Cela commence par un Blues en si bémol  » Bloomdido  » (le nom d’un chien). C’est étrange d’entendre ce morceau sans contrebasse ni batterie. Pierrick le joue fidèlement avec les accents qu’il faut. Pour les puristes, je conseille la version jouée par Charlie Parker, Dizzy Gillespie, Thelonious Monk, Curly Russell, Buddy Rich sur l’album  » Bird and Diz  » ( 1950). Le saxophone alto a pris son envol avec Charlie  » Yardbird  » Parker. Phil Woods, sax alto qui l’a bien connu, dit que Charlie Parker est un  » génie pur « . Parker était métis: père Noir, mère Amérindienne (Chocktaw). Il est né à Kansas City Missouri ville capitale du Jazz pendant la Prohibition ( le maire était en cheville avec la Mafia qui faisait jouer les musiciens dans les bars. Bref le Paradis des Jazzmen!)

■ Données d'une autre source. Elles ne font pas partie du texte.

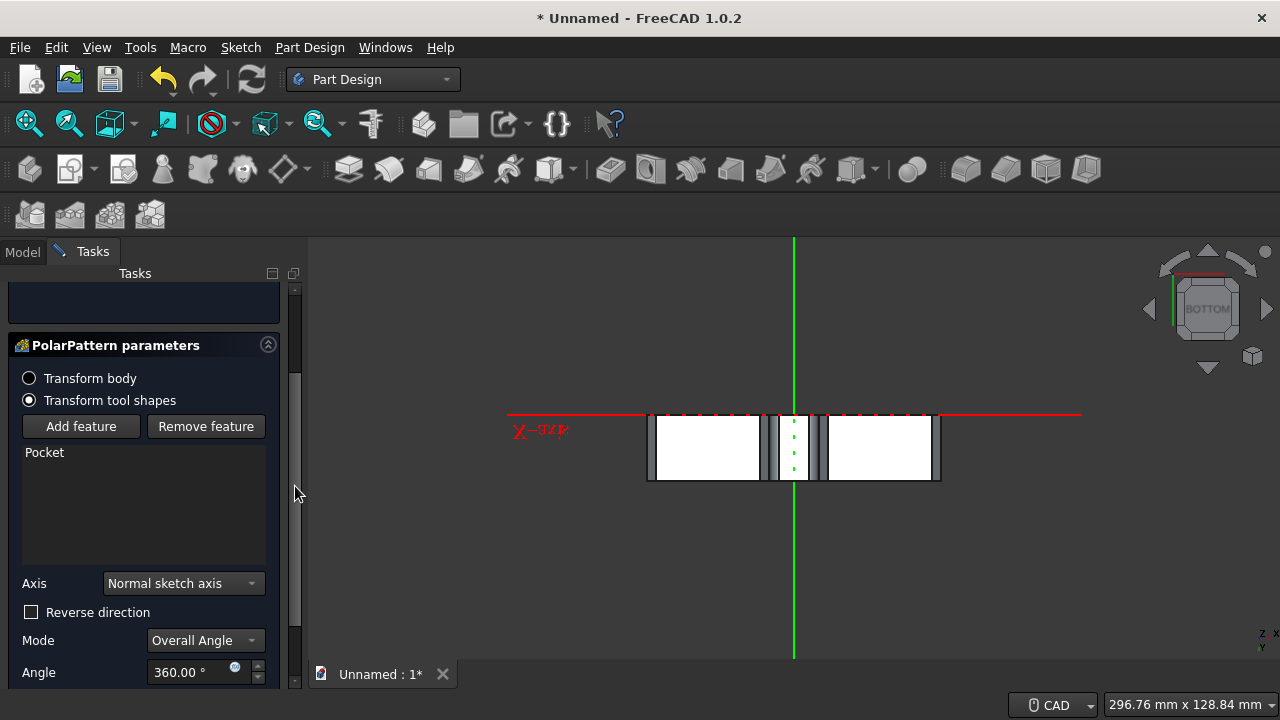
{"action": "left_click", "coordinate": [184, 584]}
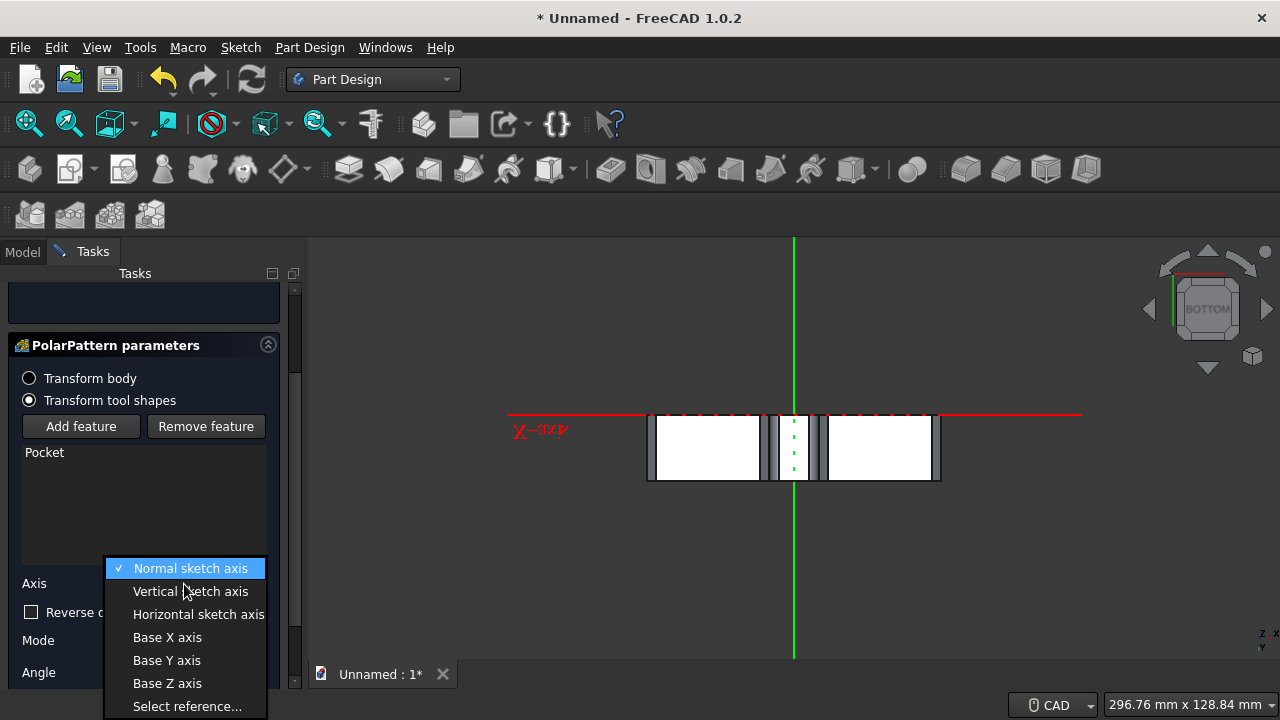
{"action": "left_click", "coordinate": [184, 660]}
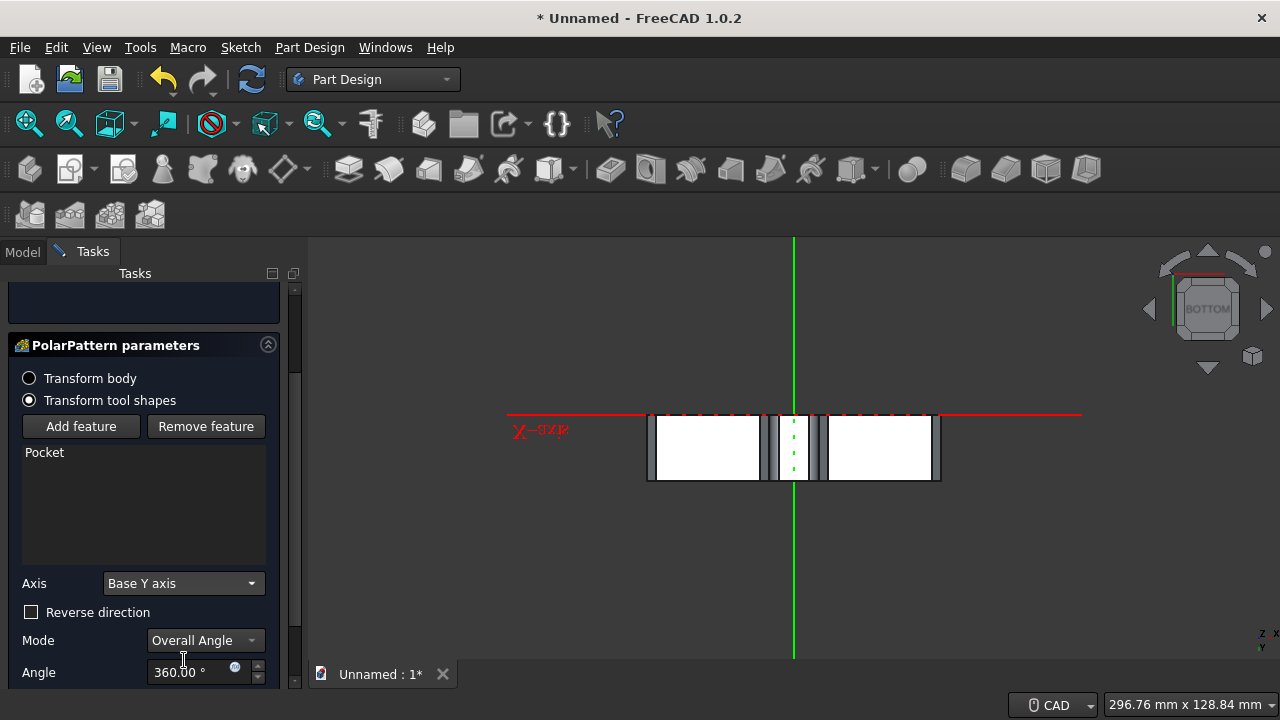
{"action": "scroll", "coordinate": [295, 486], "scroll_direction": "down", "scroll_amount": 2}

 » Donna Lee  » une composition de Parker en hommage à une prostituée. La musique de Bird vole et tranche comme un rasoir. Belles variations du piano entre medium et grave. Ca swingue!
Bird commença le saxophone à 11 ans ce qui est tard. Il intégra l’orchestre de son école à 14 ans au sax baryton. Un jour à Kansas City lors d’une jam session, le batteur Papa Joe Jones lui lança sa cymbale aux pieds pour le faire taire. Alors Charlie rentra chez lui travailler son sax comme un fou. Quand il en sortit il n’était plus le  » Yardbird » (le  » bleu  » dans l’armée) mais Bird, l’oiseau du saxophone alto.

 » All the things You are  » une ballade sur laquelle tout Jazzman a improvisé. Ca se termine par cette fameuse coda jouée avec un son charnu, velouté du saxophone.
Charlie Parker a appris en regardant les doigts des saxophonistes ce qui est proprement ahurissant.
Ses influences: Coleman Hawkins, Lester Young pour le saxophone ténor, Johny Hodges ( de l’orchestre de Duke Ellington) pour le saxophone alto. Il a aussi étudié les musiques de fanfare et de cirque. Il a aussi écouté Marcel Mule, saxophoniste classique français.

 » Embraceable You  » (George Gershwin). C’est une ballade que Bird aimait jouer. Toujours le Blues derrière.

En 1937, il intègre l’orchestre de Jay Mac Shann à Kansas City, tourne, arrive à New York.
 » Au Privave  » un morceau d’inspiration latino mais toujours avec le Blues.
En 1939, il s’installe à New York. Pour écouter le pianiste Art Tatum, il devient plongeur dans le restaurant où joue Art.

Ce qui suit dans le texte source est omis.